*** Supplied records Section Begins ***

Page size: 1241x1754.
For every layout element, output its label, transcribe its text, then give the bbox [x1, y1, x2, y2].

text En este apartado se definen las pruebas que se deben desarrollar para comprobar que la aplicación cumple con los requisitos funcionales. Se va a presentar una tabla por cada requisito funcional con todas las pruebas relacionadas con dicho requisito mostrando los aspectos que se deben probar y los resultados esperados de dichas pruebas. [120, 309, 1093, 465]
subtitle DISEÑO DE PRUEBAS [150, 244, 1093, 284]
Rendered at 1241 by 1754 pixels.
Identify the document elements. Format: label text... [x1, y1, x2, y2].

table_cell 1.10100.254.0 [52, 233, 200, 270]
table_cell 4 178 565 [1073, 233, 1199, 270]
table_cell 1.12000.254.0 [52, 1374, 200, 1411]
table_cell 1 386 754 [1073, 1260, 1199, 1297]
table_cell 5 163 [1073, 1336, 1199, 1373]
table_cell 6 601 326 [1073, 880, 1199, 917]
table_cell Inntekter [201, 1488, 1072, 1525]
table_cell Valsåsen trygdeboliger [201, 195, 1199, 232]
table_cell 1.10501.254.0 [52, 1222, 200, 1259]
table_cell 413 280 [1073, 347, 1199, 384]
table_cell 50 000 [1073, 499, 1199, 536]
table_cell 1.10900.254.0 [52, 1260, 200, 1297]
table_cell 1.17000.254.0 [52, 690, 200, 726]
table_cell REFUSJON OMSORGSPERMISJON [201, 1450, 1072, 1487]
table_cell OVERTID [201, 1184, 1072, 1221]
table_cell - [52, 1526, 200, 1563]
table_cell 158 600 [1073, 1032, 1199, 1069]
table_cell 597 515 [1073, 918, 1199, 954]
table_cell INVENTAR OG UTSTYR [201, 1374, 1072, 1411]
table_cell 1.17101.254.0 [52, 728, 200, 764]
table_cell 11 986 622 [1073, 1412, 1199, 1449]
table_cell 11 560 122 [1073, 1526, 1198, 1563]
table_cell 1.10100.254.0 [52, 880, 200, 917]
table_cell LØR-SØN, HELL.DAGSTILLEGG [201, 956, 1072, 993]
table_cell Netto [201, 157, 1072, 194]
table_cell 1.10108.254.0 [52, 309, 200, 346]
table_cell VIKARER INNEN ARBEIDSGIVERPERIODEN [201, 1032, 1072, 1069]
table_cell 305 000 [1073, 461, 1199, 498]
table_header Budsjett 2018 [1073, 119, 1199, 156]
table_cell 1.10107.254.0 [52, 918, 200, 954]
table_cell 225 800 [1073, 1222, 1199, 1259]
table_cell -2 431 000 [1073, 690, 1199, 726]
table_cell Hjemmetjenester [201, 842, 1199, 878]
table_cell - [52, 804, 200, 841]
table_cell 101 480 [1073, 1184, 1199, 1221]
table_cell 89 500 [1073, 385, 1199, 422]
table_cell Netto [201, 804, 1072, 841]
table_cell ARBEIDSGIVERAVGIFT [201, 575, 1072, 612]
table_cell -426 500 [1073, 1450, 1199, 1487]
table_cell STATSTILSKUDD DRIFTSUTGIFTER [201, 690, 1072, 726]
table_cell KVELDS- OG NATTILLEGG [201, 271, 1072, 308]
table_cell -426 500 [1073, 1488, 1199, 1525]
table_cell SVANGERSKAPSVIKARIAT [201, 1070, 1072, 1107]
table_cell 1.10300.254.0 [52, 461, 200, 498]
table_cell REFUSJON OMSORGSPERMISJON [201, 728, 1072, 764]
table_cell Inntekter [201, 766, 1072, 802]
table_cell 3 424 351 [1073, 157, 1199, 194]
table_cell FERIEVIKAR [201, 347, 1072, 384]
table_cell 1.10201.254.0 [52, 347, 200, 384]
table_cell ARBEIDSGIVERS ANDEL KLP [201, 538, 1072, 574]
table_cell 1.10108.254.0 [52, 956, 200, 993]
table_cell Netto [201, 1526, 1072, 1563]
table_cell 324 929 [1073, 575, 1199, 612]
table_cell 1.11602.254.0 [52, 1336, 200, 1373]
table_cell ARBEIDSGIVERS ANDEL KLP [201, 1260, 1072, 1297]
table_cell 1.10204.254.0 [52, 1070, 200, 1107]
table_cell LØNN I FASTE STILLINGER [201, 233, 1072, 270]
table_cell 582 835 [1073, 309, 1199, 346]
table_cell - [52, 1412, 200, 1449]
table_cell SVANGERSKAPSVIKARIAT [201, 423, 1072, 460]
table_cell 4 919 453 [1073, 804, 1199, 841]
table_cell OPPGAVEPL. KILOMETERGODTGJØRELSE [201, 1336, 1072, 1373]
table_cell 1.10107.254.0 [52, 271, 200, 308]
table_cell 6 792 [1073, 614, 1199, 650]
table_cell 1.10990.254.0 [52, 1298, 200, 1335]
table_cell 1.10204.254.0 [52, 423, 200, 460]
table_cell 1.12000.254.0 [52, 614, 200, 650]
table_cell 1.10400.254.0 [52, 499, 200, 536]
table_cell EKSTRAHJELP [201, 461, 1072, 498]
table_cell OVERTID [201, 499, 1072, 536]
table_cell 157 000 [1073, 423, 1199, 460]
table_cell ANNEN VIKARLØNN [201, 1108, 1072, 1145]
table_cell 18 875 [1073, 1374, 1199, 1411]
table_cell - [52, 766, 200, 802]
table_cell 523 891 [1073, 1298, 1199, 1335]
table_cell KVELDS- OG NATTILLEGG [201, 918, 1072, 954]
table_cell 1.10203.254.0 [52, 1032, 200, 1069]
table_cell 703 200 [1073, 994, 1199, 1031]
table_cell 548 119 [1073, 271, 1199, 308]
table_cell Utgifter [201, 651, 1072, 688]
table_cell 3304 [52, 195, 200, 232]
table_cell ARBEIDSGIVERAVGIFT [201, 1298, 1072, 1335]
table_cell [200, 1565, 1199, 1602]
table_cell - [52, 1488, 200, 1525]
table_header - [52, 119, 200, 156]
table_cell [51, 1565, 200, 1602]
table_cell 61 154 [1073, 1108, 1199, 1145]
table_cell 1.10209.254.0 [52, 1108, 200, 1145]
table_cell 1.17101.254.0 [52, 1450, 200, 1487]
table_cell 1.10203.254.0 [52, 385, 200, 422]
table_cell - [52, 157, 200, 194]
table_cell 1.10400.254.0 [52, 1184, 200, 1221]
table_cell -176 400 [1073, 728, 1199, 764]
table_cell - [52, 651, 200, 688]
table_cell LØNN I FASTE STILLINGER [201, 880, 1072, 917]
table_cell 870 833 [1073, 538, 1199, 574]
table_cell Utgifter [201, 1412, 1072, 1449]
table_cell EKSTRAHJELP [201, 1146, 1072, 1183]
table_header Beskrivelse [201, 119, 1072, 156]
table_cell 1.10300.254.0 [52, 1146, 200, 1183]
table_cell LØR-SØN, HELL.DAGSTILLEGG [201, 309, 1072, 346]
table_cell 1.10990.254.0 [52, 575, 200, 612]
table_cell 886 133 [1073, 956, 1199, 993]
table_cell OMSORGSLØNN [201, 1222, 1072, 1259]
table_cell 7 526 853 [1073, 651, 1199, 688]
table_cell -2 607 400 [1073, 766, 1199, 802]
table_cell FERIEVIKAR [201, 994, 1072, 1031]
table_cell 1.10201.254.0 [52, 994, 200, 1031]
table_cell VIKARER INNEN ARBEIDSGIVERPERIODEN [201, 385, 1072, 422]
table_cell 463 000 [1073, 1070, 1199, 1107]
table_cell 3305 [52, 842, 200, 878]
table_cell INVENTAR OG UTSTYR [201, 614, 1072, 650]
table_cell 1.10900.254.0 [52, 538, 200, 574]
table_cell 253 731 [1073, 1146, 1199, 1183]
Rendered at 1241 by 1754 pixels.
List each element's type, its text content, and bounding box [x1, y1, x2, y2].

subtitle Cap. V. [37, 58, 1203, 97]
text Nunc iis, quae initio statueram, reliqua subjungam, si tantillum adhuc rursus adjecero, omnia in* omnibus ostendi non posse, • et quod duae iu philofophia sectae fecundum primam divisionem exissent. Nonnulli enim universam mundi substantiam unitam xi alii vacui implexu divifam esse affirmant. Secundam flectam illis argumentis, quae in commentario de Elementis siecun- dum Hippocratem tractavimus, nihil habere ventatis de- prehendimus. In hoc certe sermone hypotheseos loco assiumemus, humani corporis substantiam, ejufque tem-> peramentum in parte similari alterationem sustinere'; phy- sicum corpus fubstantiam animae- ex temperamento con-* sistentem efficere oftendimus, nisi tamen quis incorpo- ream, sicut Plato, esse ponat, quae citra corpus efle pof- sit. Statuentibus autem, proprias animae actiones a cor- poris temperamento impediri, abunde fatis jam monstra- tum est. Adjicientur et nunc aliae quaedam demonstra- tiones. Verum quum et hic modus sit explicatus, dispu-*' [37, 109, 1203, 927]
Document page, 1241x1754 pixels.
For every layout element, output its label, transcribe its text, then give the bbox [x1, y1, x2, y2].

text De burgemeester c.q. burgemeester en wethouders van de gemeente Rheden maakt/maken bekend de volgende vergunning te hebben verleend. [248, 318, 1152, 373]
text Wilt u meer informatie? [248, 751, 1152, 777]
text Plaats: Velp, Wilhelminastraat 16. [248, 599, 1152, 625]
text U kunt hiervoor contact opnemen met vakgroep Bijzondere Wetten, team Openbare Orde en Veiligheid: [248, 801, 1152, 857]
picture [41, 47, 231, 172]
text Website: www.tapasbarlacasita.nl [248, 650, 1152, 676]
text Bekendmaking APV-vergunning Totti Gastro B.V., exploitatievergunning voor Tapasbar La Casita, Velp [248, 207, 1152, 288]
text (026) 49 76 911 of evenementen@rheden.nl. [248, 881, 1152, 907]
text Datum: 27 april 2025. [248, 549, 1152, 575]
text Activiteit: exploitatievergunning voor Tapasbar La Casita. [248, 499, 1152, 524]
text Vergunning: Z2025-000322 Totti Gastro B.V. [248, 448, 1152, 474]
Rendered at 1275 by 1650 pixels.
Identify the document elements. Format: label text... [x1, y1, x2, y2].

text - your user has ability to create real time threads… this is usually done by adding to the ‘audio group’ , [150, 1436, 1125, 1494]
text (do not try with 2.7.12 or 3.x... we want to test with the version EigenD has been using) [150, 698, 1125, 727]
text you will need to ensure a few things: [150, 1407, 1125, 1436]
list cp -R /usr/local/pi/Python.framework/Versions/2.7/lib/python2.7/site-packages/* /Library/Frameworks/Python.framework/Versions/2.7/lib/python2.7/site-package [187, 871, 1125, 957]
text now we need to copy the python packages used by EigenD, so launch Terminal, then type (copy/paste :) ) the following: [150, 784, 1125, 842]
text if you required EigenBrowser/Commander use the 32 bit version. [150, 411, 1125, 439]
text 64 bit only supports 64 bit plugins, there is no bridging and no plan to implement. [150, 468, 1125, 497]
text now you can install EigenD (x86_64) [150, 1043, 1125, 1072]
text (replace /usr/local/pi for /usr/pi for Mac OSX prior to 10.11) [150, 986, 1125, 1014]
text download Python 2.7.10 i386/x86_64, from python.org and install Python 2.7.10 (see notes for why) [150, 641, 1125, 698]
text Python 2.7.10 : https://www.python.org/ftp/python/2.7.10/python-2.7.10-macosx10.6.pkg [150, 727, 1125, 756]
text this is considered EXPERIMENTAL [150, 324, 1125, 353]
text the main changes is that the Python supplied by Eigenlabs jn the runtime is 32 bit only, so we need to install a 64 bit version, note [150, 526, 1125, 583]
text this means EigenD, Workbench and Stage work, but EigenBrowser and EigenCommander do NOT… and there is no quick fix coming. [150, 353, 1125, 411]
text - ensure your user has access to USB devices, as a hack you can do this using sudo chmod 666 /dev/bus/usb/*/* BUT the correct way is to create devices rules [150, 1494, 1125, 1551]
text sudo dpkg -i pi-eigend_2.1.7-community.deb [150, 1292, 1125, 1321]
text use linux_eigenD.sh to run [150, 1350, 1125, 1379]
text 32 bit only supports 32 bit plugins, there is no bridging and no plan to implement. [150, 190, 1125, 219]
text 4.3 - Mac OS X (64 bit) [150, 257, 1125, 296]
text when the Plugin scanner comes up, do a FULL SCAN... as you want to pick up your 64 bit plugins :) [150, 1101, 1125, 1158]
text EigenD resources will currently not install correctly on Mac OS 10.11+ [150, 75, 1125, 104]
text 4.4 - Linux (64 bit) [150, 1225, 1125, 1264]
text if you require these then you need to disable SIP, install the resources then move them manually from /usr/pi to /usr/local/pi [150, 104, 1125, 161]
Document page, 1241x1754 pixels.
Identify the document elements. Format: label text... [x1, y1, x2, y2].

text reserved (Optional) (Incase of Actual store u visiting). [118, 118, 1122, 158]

*** Supplied records Section Ends ***

Exercise requirements.
Precisely reproduce the lines of the entries, beginning at the first and ending at the one containing "table_cell 413 280 [1073, 347, 1199, 384]". Add nothing.

Answer to this problem.
Page size: 1241x1754.
For every layout element, output its label, transcribe its text, then give the bbox [x1, y1, x2, y2].

text En este apartado se definen las pruebas que se deben desarrollar para comprobar que la aplicación cumple con los requisitos funcionales. Se va a presentar una tabla por cada requisito funcional con todas las pruebas relacionadas con dicho requisito mostrando los aspectos que se deben probar y los resultados esperados de dichas pruebas. [120, 309, 1093, 465]
subtitle DISEÑO DE PRUEBAS [150, 244, 1093, 284]
Rendered at 1241 by 1754 pixels.
Identify the document elements. Format: label text... [x1, y1, x2, y2].

table_cell 1.10100.254.0 [52, 233, 200, 270]
table_cell 4 178 565 [1073, 233, 1199, 270]
table_cell 1.12000.254.0 [52, 1374, 200, 1411]
table_cell 1 386 754 [1073, 1260, 1199, 1297]
table_cell 5 163 [1073, 1336, 1199, 1373]
table_cell 6 601 326 [1073, 880, 1199, 917]
table_cell Inntekter [201, 1488, 1072, 1525]
table_cell Valsåsen trygdeboliger [201, 195, 1199, 232]
table_cell 1.10501.254.0 [52, 1222, 200, 1259]
table_cell 413 280 [1073, 347, 1199, 384]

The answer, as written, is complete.